I know this sounds totally vain, probably a little vapid, and seriously ageist. But I wasn’t actually upset about my face from an aesthetic POV. Digging a little deeper, this was about way more than a few wrinkles and some newfound jowls.

We spend decades of our lives with blinkers on about ageing. Our teens and our 20s are times of self-exploration and little else – what is time! It comes and it goes, but in this way where we feel like there’s so much of it ahead of us that a few wasted days and months don’t matter. Then, we get older and (morbid, I know) closer to death. This rude fact hits us smack in the jaw either via loss or via the physical realities of time passing.

We go from being teenagers waiting impatiently for these stupid years of school uniforms and rules to pass, and then there’s this good bit where it’s parties and travel and KFC hangovers and then suddenly, the years are blurring and it’s July already and we’re like whoa, can this slow down a little, thank you very much? 

I think for me, the fact I was ageing slowly for so long was comforting in that latter period. Time was rushing by but at least I passed for a younger version of myself, so I felt confident acting like that younger version of myself. I was hovering in my 20s for way longer than I was meant to.

I’m not really at a point where I’ve found peace with my newly-aged face. I don’t like the changes, not because I feel ugly. Aesthetically, I like how the lines on our faces appear where we’ve felt emotion. It’s beautiful to me, I just wasn’t ready for it.
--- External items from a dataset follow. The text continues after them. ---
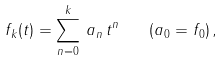<formula> <loc_0><loc_0><loc_500><loc_500>f _ { k } ( t ) = \sum _ { n = 0 } ^ { k } \, a _ { n } \, t ^ { n } \quad ( a _ { 0 } = f _ { 0 } ) \, ,</formula> 
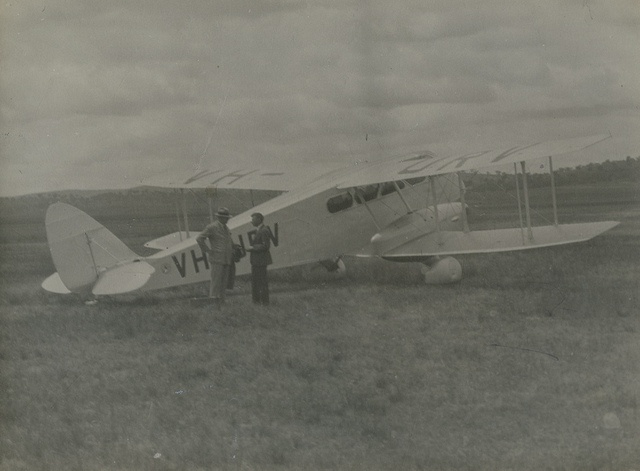Describe the objects in this image and their specific colors. I can see airplane in darkgray, gray, and black tones, people in darkgray, gray, and black tones, people in darkgray, black, and gray tones, suitcase in black, gray, and darkgray tones, and tie in darkgray, gray, and black tones in this image. 
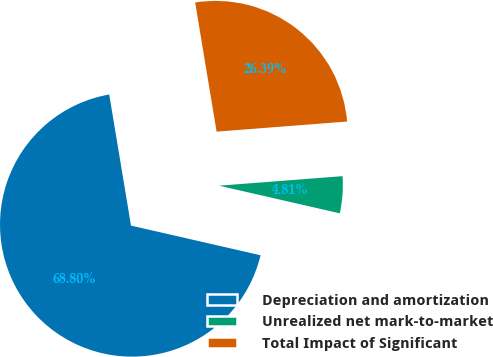Convert chart to OTSL. <chart><loc_0><loc_0><loc_500><loc_500><pie_chart><fcel>Depreciation and amortization<fcel>Unrealized net mark-to-market<fcel>Total Impact of Significant<nl><fcel>68.8%<fcel>4.81%<fcel>26.39%<nl></chart> 
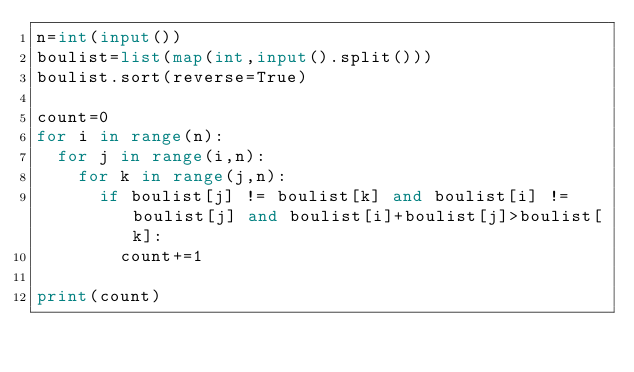<code> <loc_0><loc_0><loc_500><loc_500><_Python_>n=int(input())
boulist=list(map(int,input().split()))
boulist.sort(reverse=True)

count=0
for i in range(n):
  for j in range(i,n):
    for k in range(j,n):
      if boulist[j] != boulist[k] and boulist[i] != boulist[j] and boulist[i]+boulist[j]>boulist[k]:
        count+=1

print(count)


</code> 
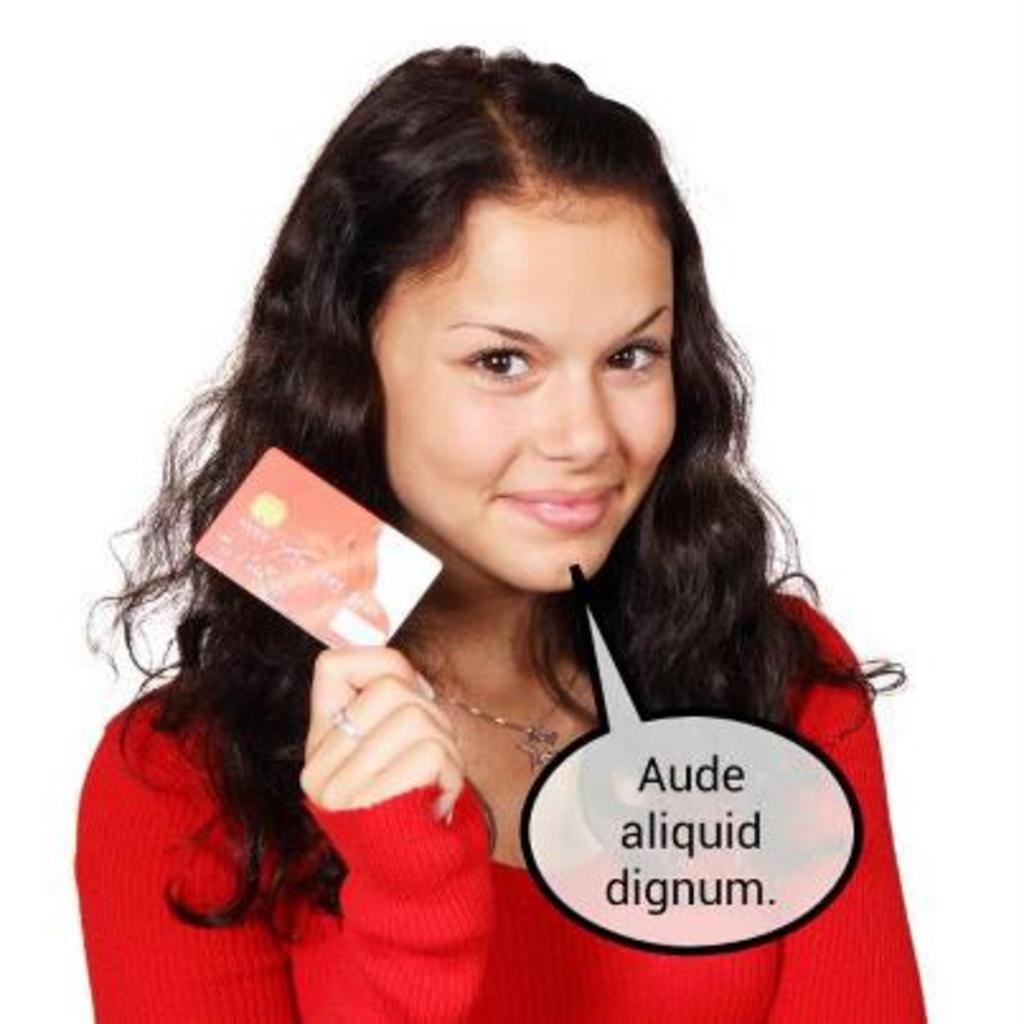Please provide a concise description of this image. This looks like an edited image. I can see the woman standing and smiling. She is holding a card in her hand. She wore a red color dress. I think this is the watermark on the image. The background looks white in color. 
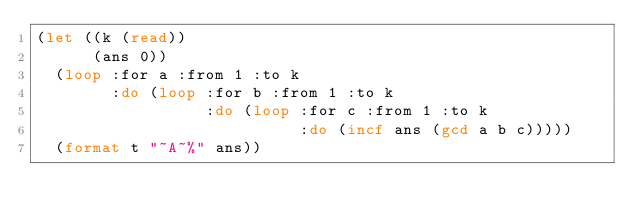<code> <loc_0><loc_0><loc_500><loc_500><_Lisp_>(let ((k (read))
      (ans 0))
  (loop :for a :from 1 :to k
        :do (loop :for b :from 1 :to k
                  :do (loop :for c :from 1 :to k
                            :do (incf ans (gcd a b c)))))
  (format t "~A~%" ans))
</code> 
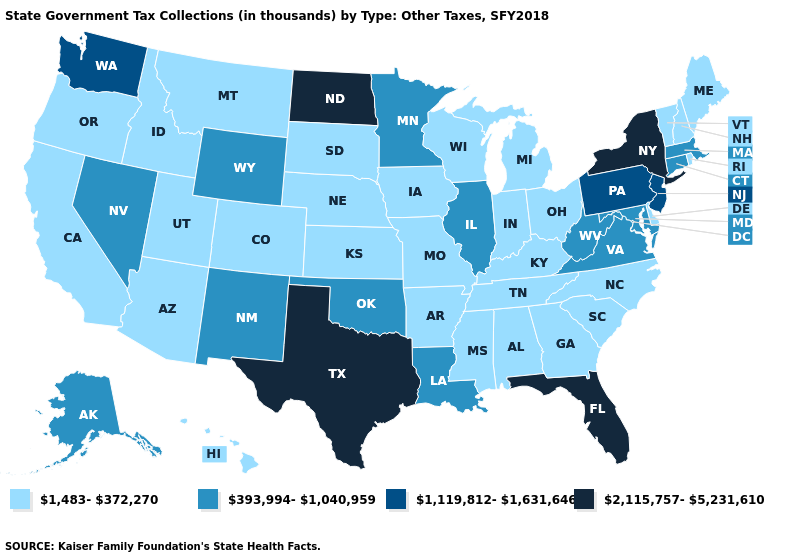What is the value of North Dakota?
Keep it brief. 2,115,757-5,231,610. Does the first symbol in the legend represent the smallest category?
Concise answer only. Yes. What is the value of Virginia?
Answer briefly. 393,994-1,040,959. Is the legend a continuous bar?
Quick response, please. No. How many symbols are there in the legend?
Keep it brief. 4. Among the states that border Florida , which have the highest value?
Quick response, please. Alabama, Georgia. What is the value of Louisiana?
Concise answer only. 393,994-1,040,959. Name the states that have a value in the range 1,119,812-1,631,646?
Short answer required. New Jersey, Pennsylvania, Washington. What is the value of Wyoming?
Quick response, please. 393,994-1,040,959. What is the lowest value in the MidWest?
Quick response, please. 1,483-372,270. Does Texas have the lowest value in the South?
Keep it brief. No. Which states have the lowest value in the USA?
Give a very brief answer. Alabama, Arizona, Arkansas, California, Colorado, Delaware, Georgia, Hawaii, Idaho, Indiana, Iowa, Kansas, Kentucky, Maine, Michigan, Mississippi, Missouri, Montana, Nebraska, New Hampshire, North Carolina, Ohio, Oregon, Rhode Island, South Carolina, South Dakota, Tennessee, Utah, Vermont, Wisconsin. Name the states that have a value in the range 393,994-1,040,959?
Concise answer only. Alaska, Connecticut, Illinois, Louisiana, Maryland, Massachusetts, Minnesota, Nevada, New Mexico, Oklahoma, Virginia, West Virginia, Wyoming. Does Washington have the highest value in the West?
Quick response, please. Yes. Which states hav the highest value in the South?
Be succinct. Florida, Texas. 
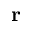<formula> <loc_0><loc_0><loc_500><loc_500>r</formula> 
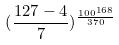<formula> <loc_0><loc_0><loc_500><loc_500>( \frac { 1 2 7 - 4 } { 7 } ) ^ { \frac { 1 0 0 ^ { 1 6 8 } } { 3 7 0 } }</formula> 
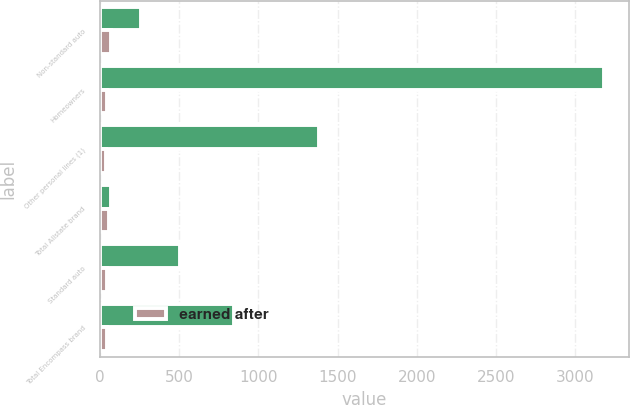Convert chart to OTSL. <chart><loc_0><loc_0><loc_500><loc_500><stacked_bar_chart><ecel><fcel>Non-standard auto<fcel>Homeowners<fcel>Other personal lines (1)<fcel>Total Allstate brand<fcel>Standard auto<fcel>Total Encompass brand<nl><fcel>nan<fcel>259<fcel>3182<fcel>1385<fcel>71.9<fcel>506<fcel>844<nl><fcel>earned after<fcel>71.9<fcel>43.9<fcel>39<fcel>57.6<fcel>44.6<fcel>44.8<nl></chart> 
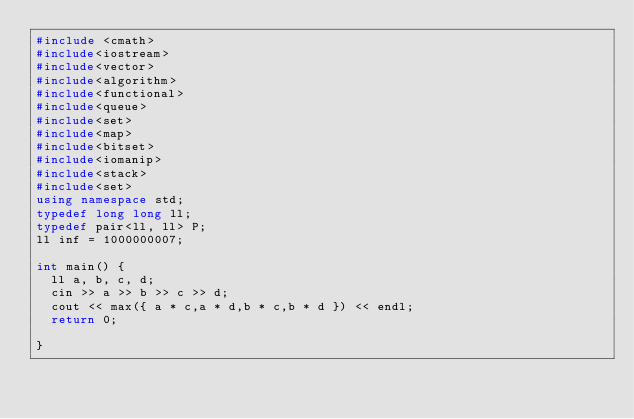<code> <loc_0><loc_0><loc_500><loc_500><_C++_>#include <cmath>
#include<iostream>
#include<vector>
#include<algorithm>
#include<functional>
#include<queue>
#include<set>
#include<map>
#include<bitset>
#include<iomanip>
#include<stack>
#include<set>
using namespace std;
typedef long long ll;
typedef pair<ll, ll> P;
ll inf = 1000000007;

int main() {
	ll a, b, c, d;
	cin >> a >> b >> c >> d;
	cout << max({ a * c,a * d,b * c,b * d }) << endl;
	return 0;
	
}</code> 
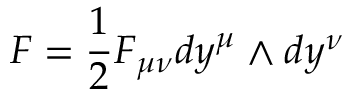<formula> <loc_0><loc_0><loc_500><loc_500>F = { \frac { 1 } { 2 } } F _ { \mu \nu } d y ^ { \mu } \wedge d y ^ { \nu }</formula> 
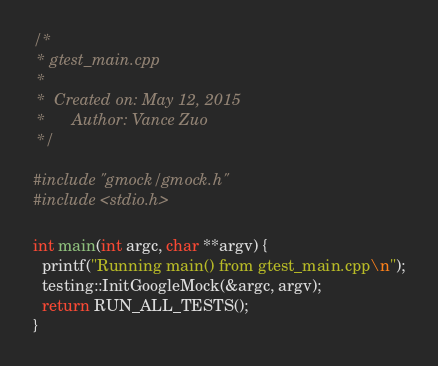Convert code to text. <code><loc_0><loc_0><loc_500><loc_500><_C++_>/*
 * gtest_main.cpp
 *
 *  Created on: May 12, 2015
 *      Author: Vance Zuo
 */

#include "gmock/gmock.h"
#include <stdio.h>

int main(int argc, char **argv) {
  printf("Running main() from gtest_main.cpp\n");
  testing::InitGoogleMock(&argc, argv);
  return RUN_ALL_TESTS();
}

</code> 
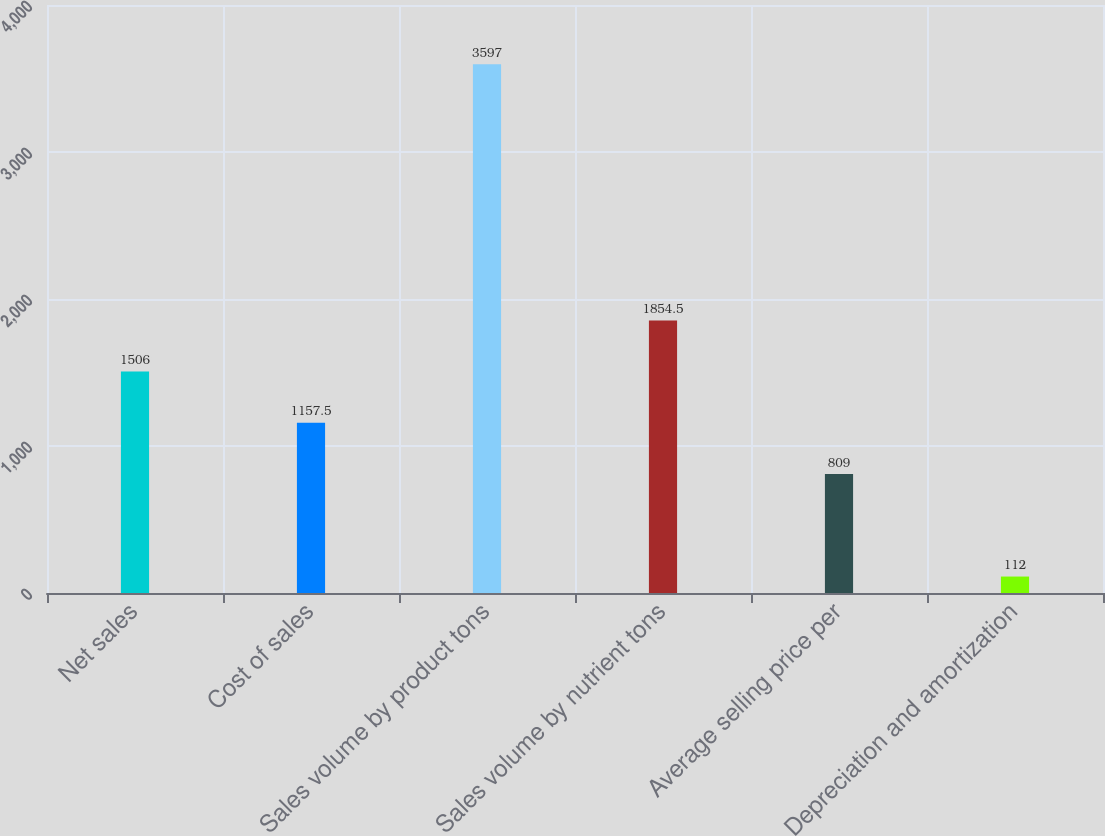Convert chart. <chart><loc_0><loc_0><loc_500><loc_500><bar_chart><fcel>Net sales<fcel>Cost of sales<fcel>Sales volume by product tons<fcel>Sales volume by nutrient tons<fcel>Average selling price per<fcel>Depreciation and amortization<nl><fcel>1506<fcel>1157.5<fcel>3597<fcel>1854.5<fcel>809<fcel>112<nl></chart> 
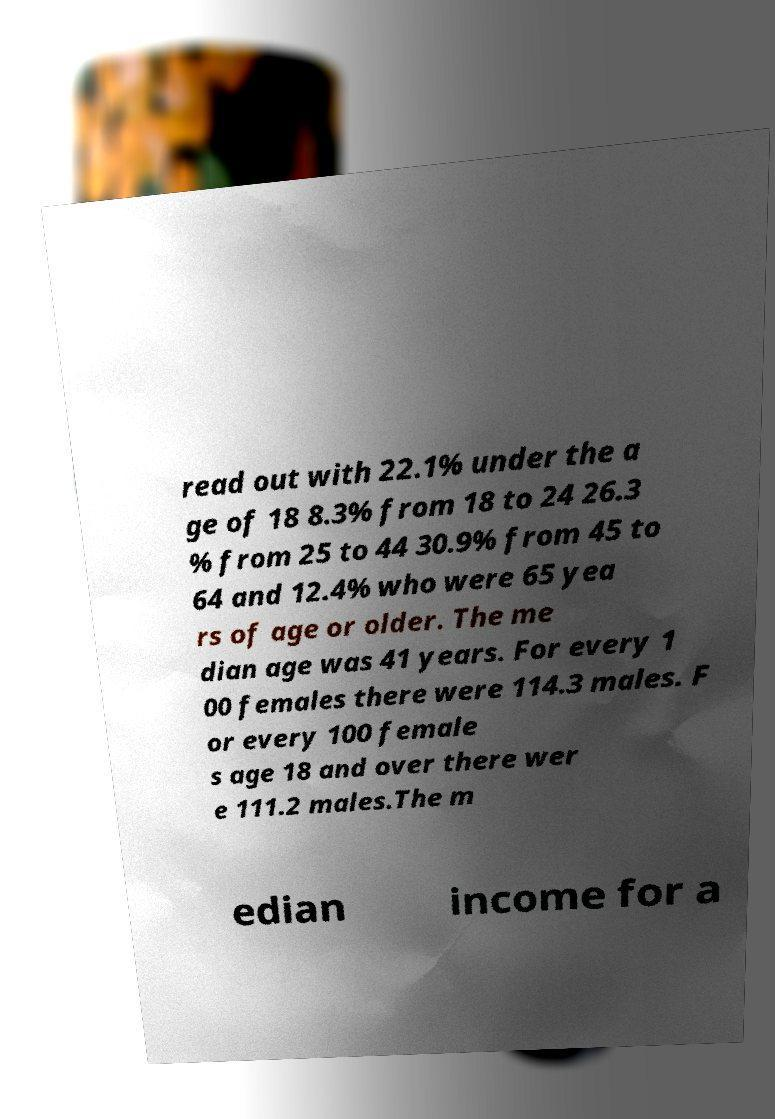There's text embedded in this image that I need extracted. Can you transcribe it verbatim? read out with 22.1% under the a ge of 18 8.3% from 18 to 24 26.3 % from 25 to 44 30.9% from 45 to 64 and 12.4% who were 65 yea rs of age or older. The me dian age was 41 years. For every 1 00 females there were 114.3 males. F or every 100 female s age 18 and over there wer e 111.2 males.The m edian income for a 
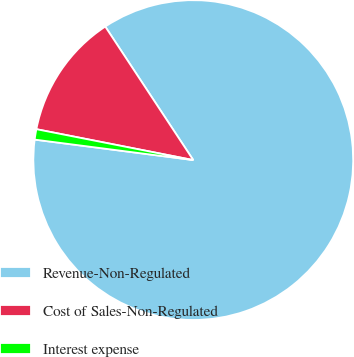<chart> <loc_0><loc_0><loc_500><loc_500><pie_chart><fcel>Revenue-Non-Regulated<fcel>Cost of Sales-Non-Regulated<fcel>Interest expense<nl><fcel>86.32%<fcel>12.63%<fcel>1.05%<nl></chart> 
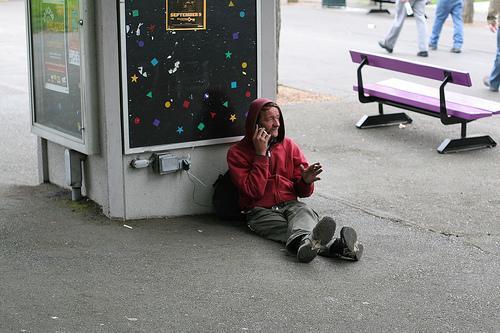How many people are in the picture?
Give a very brief answer. 1. 
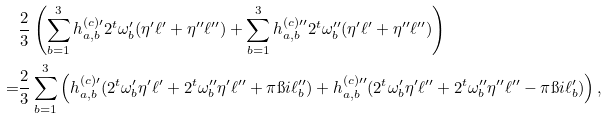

I don’t think I could ever have been ready for it, because it’s a reminder that time is passing. I’m not 17 anymore, I’m not 27 anymore, I’m 37 and when I look back, I don’t feel like 37 years of my life have gone by. That’s a scary and terrifying reality to confront – but I also know I have to look it dead in the eyes and accept it.

Because here’s the thing – you can’t stop ageing. You can push against it as much as you want, but controlling your appearance won’t actually fix the problem, because the fear isn’t about how you look, it’s about what it means.

The signs of ageing on my face scare me so much because they’re the only physical indicator that time is passing. No matter what I do. I can’t control it. I can’t hit pause. I can’t add in a few more years wherever I want to.

So what can I do? Embrace it. You might think that means blow my life up  – change everything, move to Barbados, set up a surf shop and then move again to Paris, and then again to a remote island off the coast of Brazil and so on. No, I don’t think that’s the answer. I think it’s more like… acknowledging that while time passes fast, it also passes slowly… It’s the great hypocrite! And we don’t want to coast through all the years, but we also need to embrace the years where things are smooth and uneventful, and appreciate what exists within them.

For me, it’s about working out what makes my heart feel full, and following it. Shifting my perspective and seeing ageing as the cultivation of wisdom, the deepening of relationships and the solidification of what I know matters to me, what fulfils me.

It’s being brave enough to take action when part of my life is in a rut, while also refraining from jumping ship before something that’s got potential has time to grow. Most of all, it’s learning what this balancing act between movement and stillness looks like.

I can tell this is some life-long process I’ll screw up many times over, but this is where the real joy – the kind that isn’t fleeting and ego-driven and dependent on some FBI bouncer’s card analysis skills – comes from. When we look at precious time and cherish what’s been, then cherish what’s ahead – reframing our validity so it’s not exclusively for the youth season, but for every season. 

It’s confronting to realise I’m getting older, but it’s also what will drive me to live fully and wholly and completely. So I’m leaning in.